The conversion tool generates the parameter of PriorBox
and the prototype of callback function in the header as follows:
struct custom_param_PriorBox
{
int img_size[2];
float min_size;
float max_size;
float aspect_ratios[6];
float variances[4];
bool clip;
};
void custom_callback_PriorBox(fpga_layer &layer, void *custom_param);
The config parameters for these layers are generated in the source file as follows:
//Layer_64: Custom Layer
// ->: conv5_mbox_priorbox
void CSSDFacePerson::Layer_64()
{
static custom_param_PriorBox custom_param = {
{ 300, 300, },
10.0,
30.0,
{ 1.0, 1.0, 2, 0.5, 3, 0.3333333333333333, },
{ 0.1, 0.1, 0.2, 0.2, },
true,
};
struct fpga_layer& layer = get_layer(64);
layer.type = LT_CUSTOM;
...
layer.input_dim[0] = 38;
layer.input_dim[1] = 38;
layer.input_dim[2] = 256;
layer.input_dim_size = 3;
layer.output_dim[0] = 8664;
layer.output_dim[1] = 8;
layer.output_dim_size = 2;
layer.is_output = false;
layer.is_f32_output = true;
layer.is_input_hw_layout = true;
layer.custom_proc_ptr = &custom_callback_PriorBox;
layer.custom_param = &custom_param;
}//end of Layer_64
As one can see, the parameters and its data structure are automatically generated by the tool.

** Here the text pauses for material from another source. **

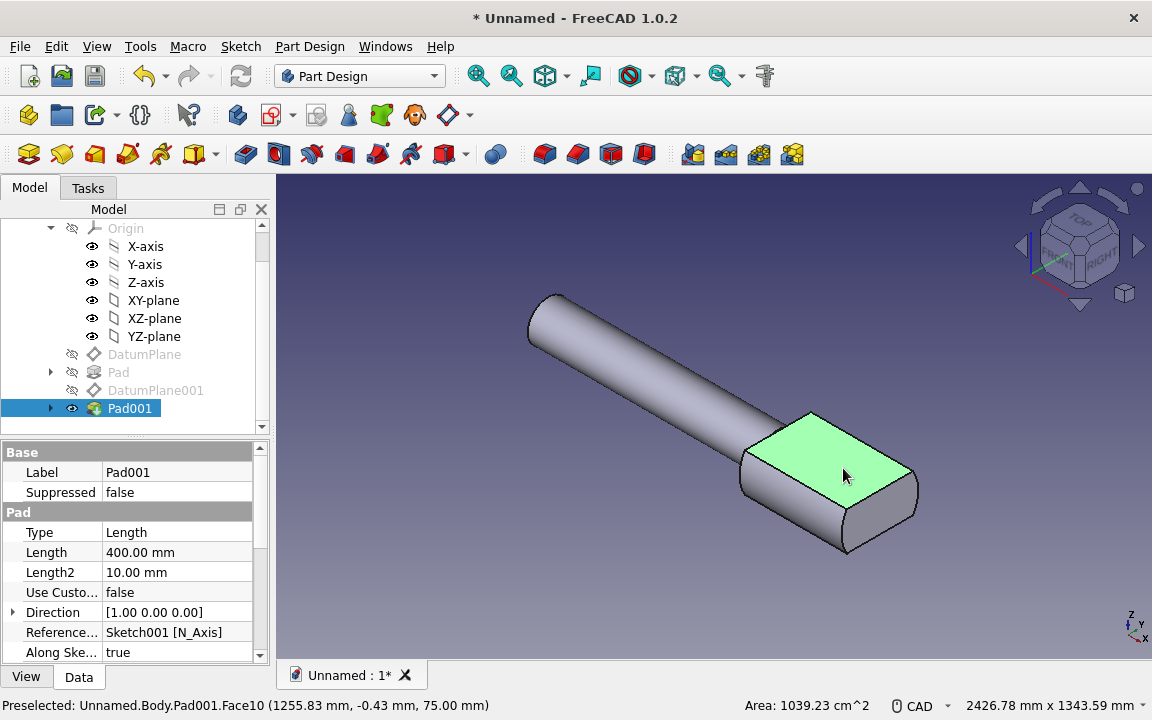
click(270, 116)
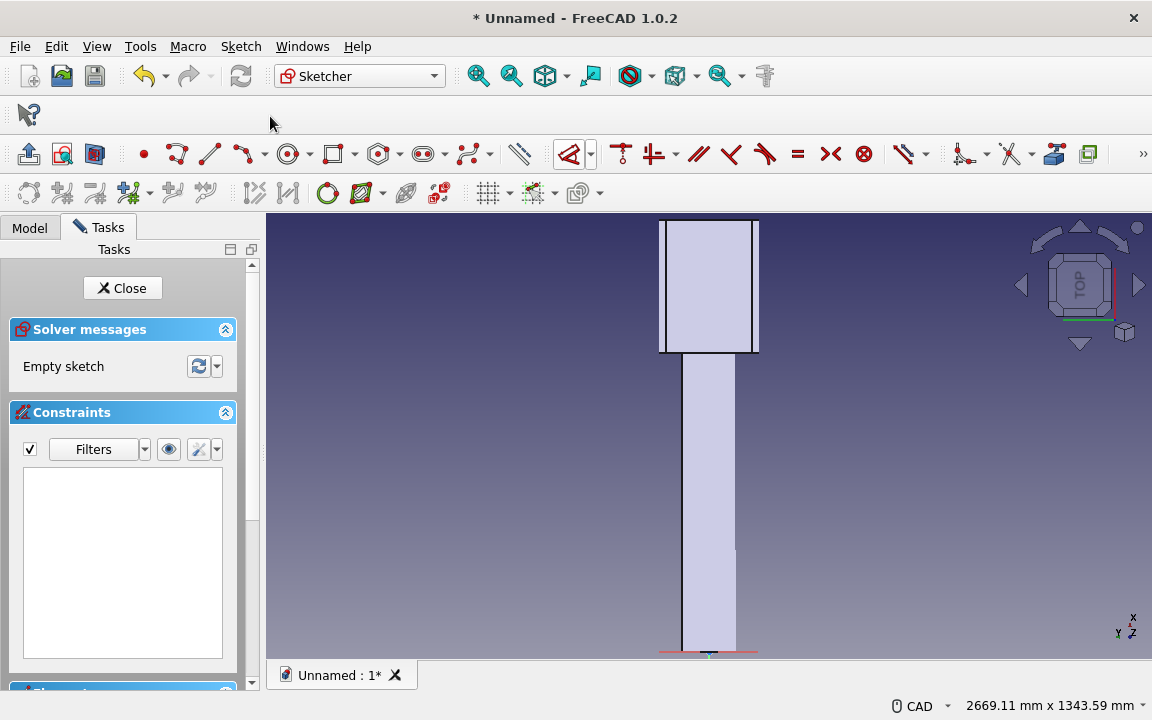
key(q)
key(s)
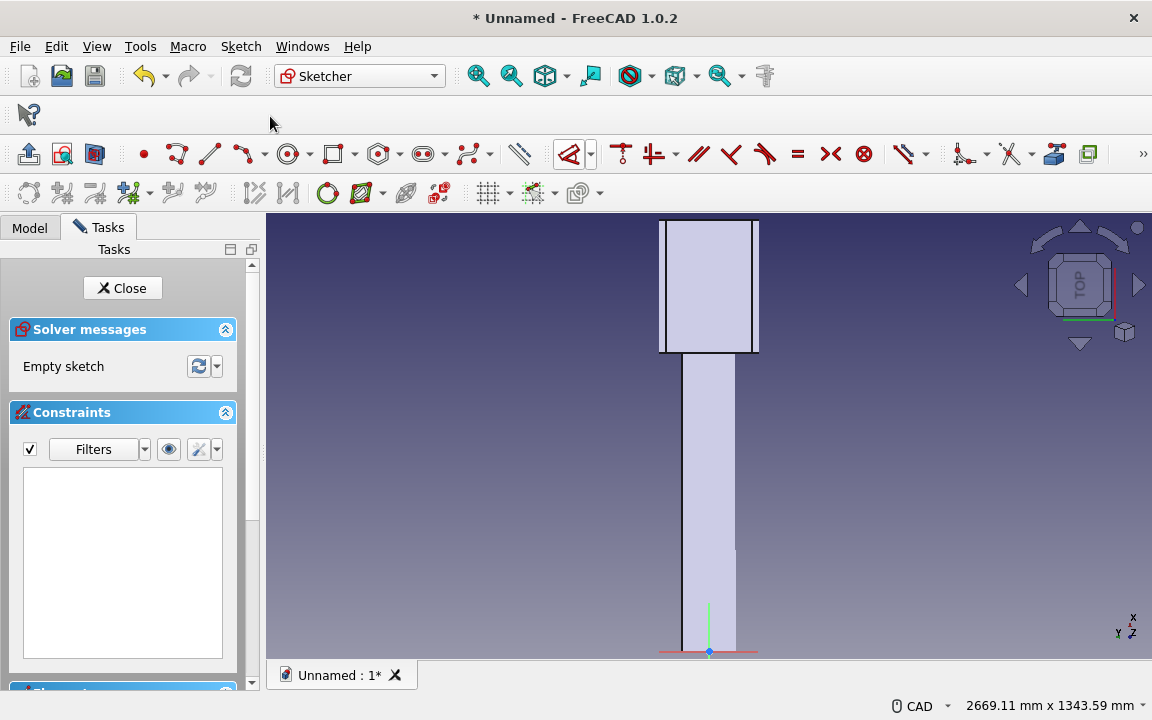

The only thing left that one needs to do is to implement the custom_callback_PriorBox
function, which may looks like this:
inline float box_clip(float x) {
if (x < 0.f)
return 0.f;
else if (x > 1.f)
return 1.f;
else
return x;
}
void custom_callback_PriorBox(fpga_layer &layer, void *param) {
custom_param_PriorBox *box_param = reinterpret_cast<custom_param_PriorBox*>(param);
vector<float> boxes_v(layer.output_dim[0] * layer.output_dim[1]);
prior_box_t box;
int box_count = 0;
// Box widths and heights
vector<float> box_widths_v;
vector<float> box_heights_v;
for (auto ar : box_param->aspect_ratios) {
if ((ar == 1.0) && box_widths_v.empty()) {
float sz = 0.5 * box_param->min_size;
box_widths_v.push_back(sz);
box_heights_v.push_back(sz);
} else if ((ar == 1.0) && (box_widths_v.size() > 0)) {
float sz = 0.5 * sqrt(box_param->min_size * box_param->max_size);
box_widths_v.push_back(sz);
box_heights_v.push_back(sz);
} else if (ar != 1.0) {
box_widths_v.push_back(0.5 * box_param->min_size * sqrt(ar));
box_heights_v.push_back(0.5 * box_param->min_size / sqrt(ar));
}
}
// Grid
int num_variances = sizeof(box_param->variances) / sizeof(box_param->variances[0]);
assert((num_variances == 1 || num_variances == 4) && "Number of variances must be either 1 or 4.");
if (num_variances == 1) {
box.xv = box_param->variances[0];
box.yv = box_param->variances[0];
box.wv = box_param->variances[0];
box.hv = box_param->variances[0];
} else {
box.xv = box_param->variances[0];
box.yv = box_param->variances[1];
box.wv = box_param->variances[2];
box.hv = box_param->variances[3];
}
float step_x = float(box_param->img_size[0]) / float(layer.input_dim[0]);
float step_y = float(box_param->img_size[1]) / float(layer.input_dim[1]);
for (int y = 0; y < layer.input_dim[1]; y++) {
float center_y = step_y * (float(y) + 0.5);
for (int x = 0; x < layer.input_dim[0]; x++) {
float center_x = step_x * (float(x) + 0.5);
for (unsigned int p = 0; p < box_widths_v.size(); p++) {
box.x0 = (center_x - box_widths_v[p]) / float(box_param->img_size[0]);
box.y0 = (center_y - box_heights_v[p]) / float(box_param->img_size[1]);
box.x1 = (center_x + box_widths_v[p]) / float(box_param->img_size[0]);
box.y1 = (center_y + box_heights_v[p]) / float(box_param->img_size[1]);
if (box_param->clip) {
box.x0 = box_clip(box.x0);
box.y0 = box_clip(box.y0);
box.x1 = box_clip(box.x1);
box.y1 = box_clip(box.y1);
}
memcpy(&boxes_v[box_count * 8], &box, sizeof(box));
box_count++;
}
}
}
put_layer_output(layer, boxes_v);
}
Note: the implementation above does not call the get_layer_input
function to get the input data. It is because that the results of the PriorBox
layer only depends on its parameter. If this is the case, one may opt in the optimization to only run the layer once in first time.